Earlier this week, 3,000 marketing industry professionals gathered for LiveRamp’s RampUp conference at the Fairmont Hotel in San Francisco to discuss the latest marketing technology developments. One theme that stood out was that while marketers are making headway with advanced TV, it’s early days with TV ad innovations.

We predict that $2.54 billion will be spent on targeted, addressable TV ads in the US this year. But addressable accounts for just 3.7% of total TV ad spending.

On stage, marketers pointed to new types of TV ads as signs that the industry is moving forward. For instance, Fandango movie trailer ads allow users to purchase movie tickets through the ad. Coke ads have been targeted to include the name of the person viewing the ad on screen. Pringles overlaid QR codes onto ads to drive users to their online store.

These targeted and interactive TV ads are good fodder for conference presentations, but they remain experimental. The vast majority of the $70.83 billion that US advertisers will spend on TV this year still gets bought and sold through traditional methods.

During a session on connected TV ads, an audience member asked the panel why linear TV advertising hasn’t cratered since digital video advertising offers greater targeting and measurement. Kevin Arrix, senior vice president at Dish Media Sales, replied, “Linear TV hasn’t gone away because it works.”

While TV ad budgets have remained stable, advertisers are pushing the TV industry to offer better measurements that have more accountability. But several things need to happen before TV ads targeted at individuals become commonplace.

In order for addressable TV to account for a double-digit share of overall TV ad spend, TV’s ad delivery infrastructure needs to be upgraded, centralized and aggregated at a national scale and packaged with other data-enhanced products that combine linear TV inventory with over-the-top (OTT) video inventory, according to Dave Morgan, founder, CEO and chairman of TV ad targeting company Simulmedia.

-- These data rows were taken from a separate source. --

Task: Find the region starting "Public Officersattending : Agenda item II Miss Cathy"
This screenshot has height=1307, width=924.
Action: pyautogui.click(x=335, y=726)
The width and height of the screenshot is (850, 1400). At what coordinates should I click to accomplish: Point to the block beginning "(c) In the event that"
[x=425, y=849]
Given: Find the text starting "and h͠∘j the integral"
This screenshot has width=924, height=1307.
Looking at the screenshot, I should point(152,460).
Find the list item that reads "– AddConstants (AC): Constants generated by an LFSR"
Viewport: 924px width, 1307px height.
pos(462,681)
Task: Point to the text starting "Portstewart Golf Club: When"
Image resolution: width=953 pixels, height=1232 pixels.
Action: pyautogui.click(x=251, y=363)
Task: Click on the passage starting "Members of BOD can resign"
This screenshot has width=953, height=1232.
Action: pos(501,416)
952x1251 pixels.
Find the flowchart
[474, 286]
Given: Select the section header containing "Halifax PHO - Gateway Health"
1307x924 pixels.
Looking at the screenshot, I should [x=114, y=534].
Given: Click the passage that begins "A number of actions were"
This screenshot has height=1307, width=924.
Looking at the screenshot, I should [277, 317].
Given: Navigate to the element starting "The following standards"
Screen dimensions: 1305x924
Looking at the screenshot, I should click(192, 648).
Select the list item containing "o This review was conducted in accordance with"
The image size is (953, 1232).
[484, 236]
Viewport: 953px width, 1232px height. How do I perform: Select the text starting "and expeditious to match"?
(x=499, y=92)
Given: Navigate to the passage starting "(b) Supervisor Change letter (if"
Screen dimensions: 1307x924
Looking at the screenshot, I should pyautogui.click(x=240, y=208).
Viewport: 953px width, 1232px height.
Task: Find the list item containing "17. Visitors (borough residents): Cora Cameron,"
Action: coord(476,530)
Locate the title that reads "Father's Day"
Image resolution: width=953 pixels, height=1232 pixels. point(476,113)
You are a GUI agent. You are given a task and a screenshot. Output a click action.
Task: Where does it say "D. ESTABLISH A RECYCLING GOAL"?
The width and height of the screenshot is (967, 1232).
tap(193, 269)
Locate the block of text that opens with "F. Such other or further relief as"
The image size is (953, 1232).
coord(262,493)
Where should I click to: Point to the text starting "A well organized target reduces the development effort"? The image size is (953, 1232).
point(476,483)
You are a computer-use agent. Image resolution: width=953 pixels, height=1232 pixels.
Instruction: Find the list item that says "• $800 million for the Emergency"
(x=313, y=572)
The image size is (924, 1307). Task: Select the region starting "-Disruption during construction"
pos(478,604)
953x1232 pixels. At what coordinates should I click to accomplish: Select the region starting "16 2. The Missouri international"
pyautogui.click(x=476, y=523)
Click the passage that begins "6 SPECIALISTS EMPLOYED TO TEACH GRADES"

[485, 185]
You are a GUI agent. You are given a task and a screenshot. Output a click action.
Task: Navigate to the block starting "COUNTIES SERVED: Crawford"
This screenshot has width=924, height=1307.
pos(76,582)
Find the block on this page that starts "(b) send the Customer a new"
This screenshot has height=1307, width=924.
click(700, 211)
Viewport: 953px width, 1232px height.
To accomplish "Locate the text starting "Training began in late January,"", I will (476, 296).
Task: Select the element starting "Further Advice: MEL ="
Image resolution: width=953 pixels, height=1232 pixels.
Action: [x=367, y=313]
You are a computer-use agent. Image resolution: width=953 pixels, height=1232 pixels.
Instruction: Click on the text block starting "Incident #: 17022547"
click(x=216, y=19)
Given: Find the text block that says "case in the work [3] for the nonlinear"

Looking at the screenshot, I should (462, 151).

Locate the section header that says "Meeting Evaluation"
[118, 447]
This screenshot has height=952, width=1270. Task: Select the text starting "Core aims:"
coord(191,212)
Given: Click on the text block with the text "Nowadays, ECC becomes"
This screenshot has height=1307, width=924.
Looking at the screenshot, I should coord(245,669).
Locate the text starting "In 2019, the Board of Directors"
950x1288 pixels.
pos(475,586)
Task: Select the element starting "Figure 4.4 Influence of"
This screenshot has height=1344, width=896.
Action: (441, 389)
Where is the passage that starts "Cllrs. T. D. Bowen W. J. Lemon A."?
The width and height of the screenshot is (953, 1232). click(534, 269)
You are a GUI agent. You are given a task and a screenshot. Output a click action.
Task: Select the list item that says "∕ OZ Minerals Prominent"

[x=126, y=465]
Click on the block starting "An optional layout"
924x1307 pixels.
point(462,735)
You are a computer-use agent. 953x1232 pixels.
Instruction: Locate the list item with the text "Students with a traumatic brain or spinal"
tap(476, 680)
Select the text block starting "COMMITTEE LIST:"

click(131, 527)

The issues with scaling addressable TV have not dampened advertisers’ enthusiasm. Addressable TV ads was one of the new technologies that marketers expressed most interest in, according to a July 2018 poll of 250 marketing decision-makers by Street Fight.

“Agencies desperately need some advanced TV ad products today since their clients are demanding them and they want them to be more scaled than they are today,” Morgan said. “Very few folks really want to do the hard work of digging into the black boxes in the business and truly understand how they work.”

Tal Chalozin, co-founder and CTO of video ad platform Innovid, was more upbeat about TV advertising becoming more modernized. Chalozin acknowledged that targeted and interactive TV ads are more clunky than digital video ads. But he sees them as a harbinger of what’s to come.

“It’s early days of what [TV advertising] innovation will look like,” he said.